Reputation: 65
I want to try and get an AI to find a sequence of moves that wins in Marble Solitaire. I've completed the system which moves a random cylinder and also the system which undoes the previous move. All I need to do now is to work out how and when the AI undoes moves. I had no idea what to do so I sort of randomly tried things, and I had enough so I decided to ask here.
Here's the code I think you need to help me solve it - feel free to ask me for more snippets, I don't just want to overload you with meaningless code:
private int index;
Increases when a move has been tried my the AI, and said move didn't work. I use it to stop the program from looping over the same move without checking others.
Below is the current code I use to determine whether the AI should undo a move or not, but it doesn't seem to work as I want:
if (possibleMove.Count < index)
{
index = 0;
undoMove();
}
else if (possibleMove.Count == 0)
{
undoMove();
} //possibleMove is a list of all possible Moves the AI has found
The code snippet above activates at the very end of findMove()

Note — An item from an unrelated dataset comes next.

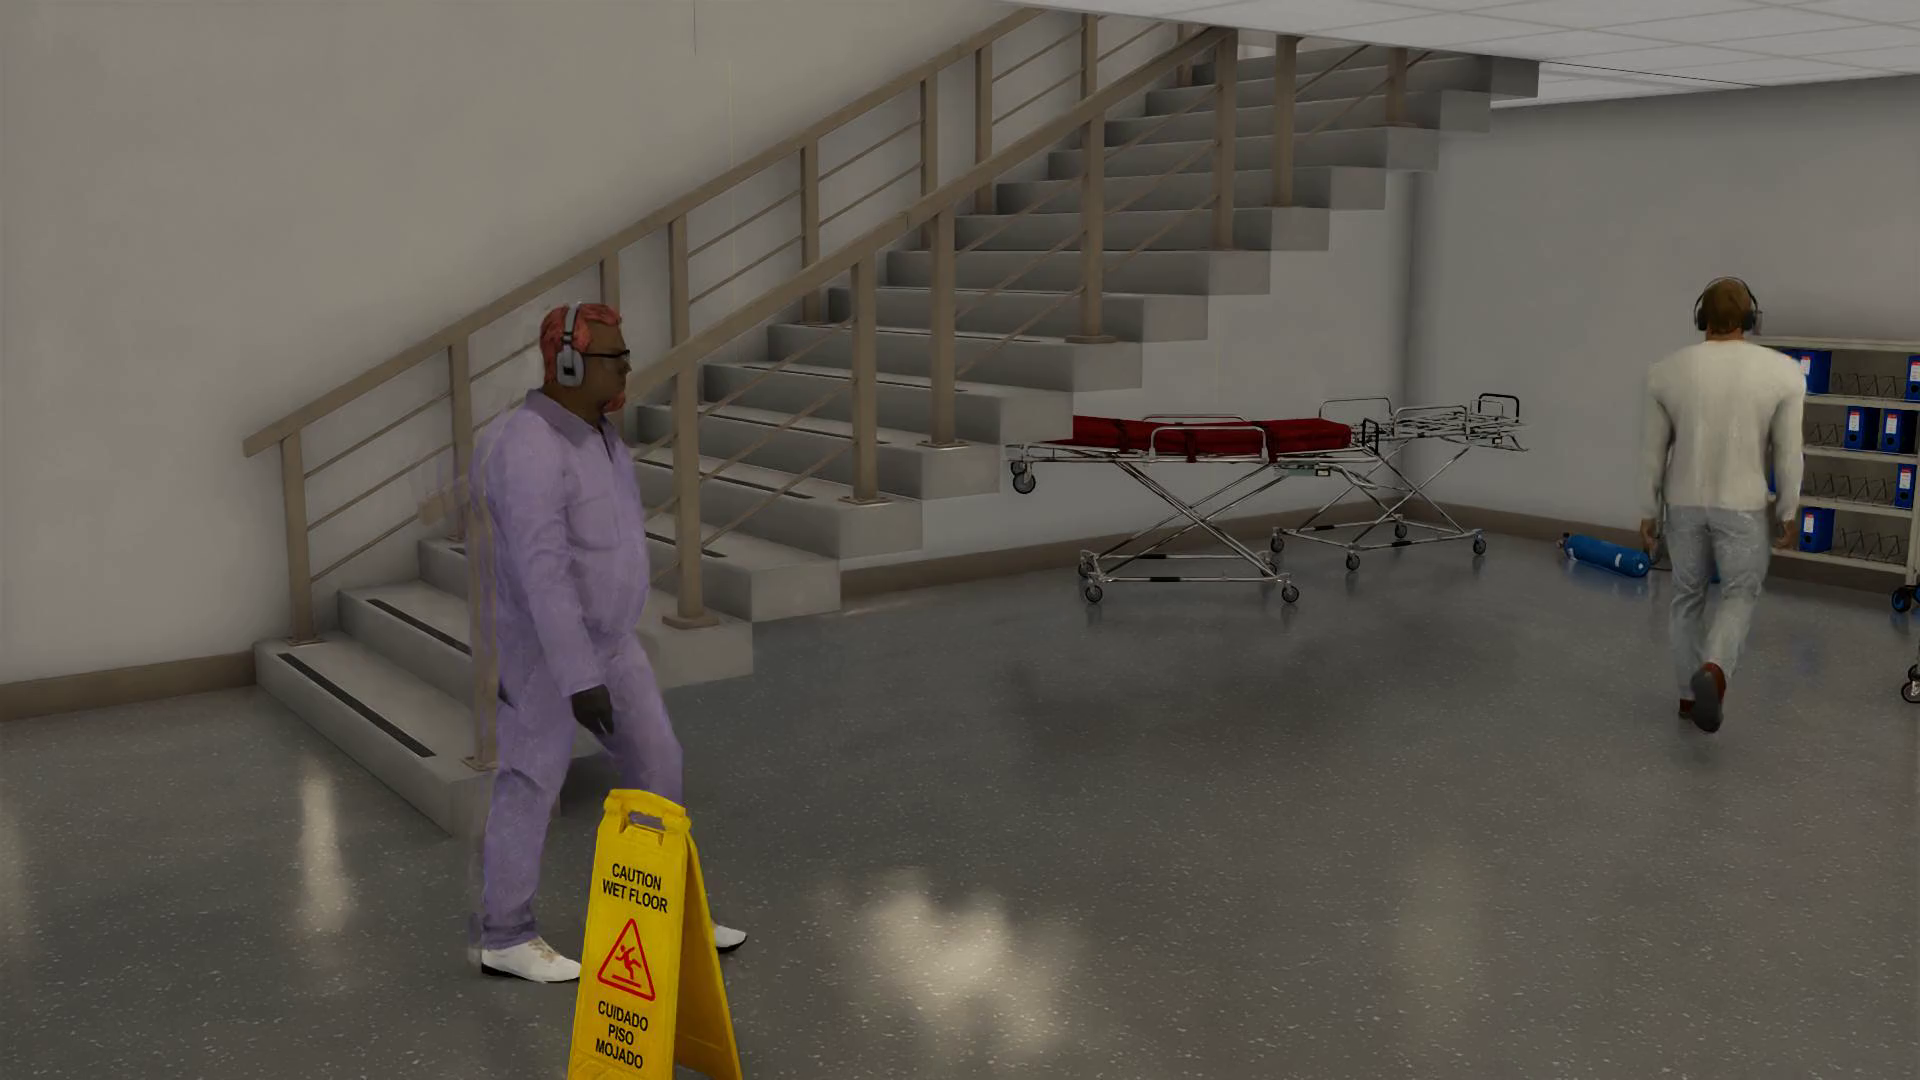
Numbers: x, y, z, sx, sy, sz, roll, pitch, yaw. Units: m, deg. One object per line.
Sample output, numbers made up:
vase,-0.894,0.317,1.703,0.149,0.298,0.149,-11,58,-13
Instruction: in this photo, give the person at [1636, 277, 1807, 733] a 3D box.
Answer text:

The general format of the code goes like this:
private void findEmpty()
{
findMove();
}
private void findMove()
{
makeMove();
}
private void makeMove()
{
}
private void undoMove()
{
}
Rules of Marble Solitaire
The player makes successive capturing moves, removing a single piece each turn until is it impossible to make any more capturing moves.
Each turn, the player captures a piece by jumping over that piece in any direction (not diagonally) from two spaces away a vacant point, making sure that there is a piece you can jump over.
Therefore, the first turn can be made only by jumping a piece into the middle hole from one of 4 possible points.
Image of marble solitaire:
Upvotes: 1
Views: 338
Reputation: 36
You can do this with the BFS method of graph searching. What you can do is find a way to represent the board, it can be an array of booleans to represent marbles or gaps or anything you can think of, so long as it's easy for you to understand and manipulate.
Then you would have a queue that so far only holds the initial state of the board. You then set your current state to the first state in the queue and then remove it from the queue. You can now use findMoves(currentState) to return a list of states that you can access from this current move. Add each of those states to the end of the queue, and then once again set your current state to the first state in the queue and remove it and use findMoves repeatedly until your current state matches some sort of goal state. In your particular problem you can just run this until findMoves(currentState) returns an empty array since that would mean there are no more moves for you to be able to do.
That would get you to a solution, however it wouldn't keep track of the path for you. You can keep track of the path itself in any number of ways, for example instead of adding just the next state to the queue you can add an array of all of the states so far in that path and just use the last value when calculating the next states you can go to. But that's just an example.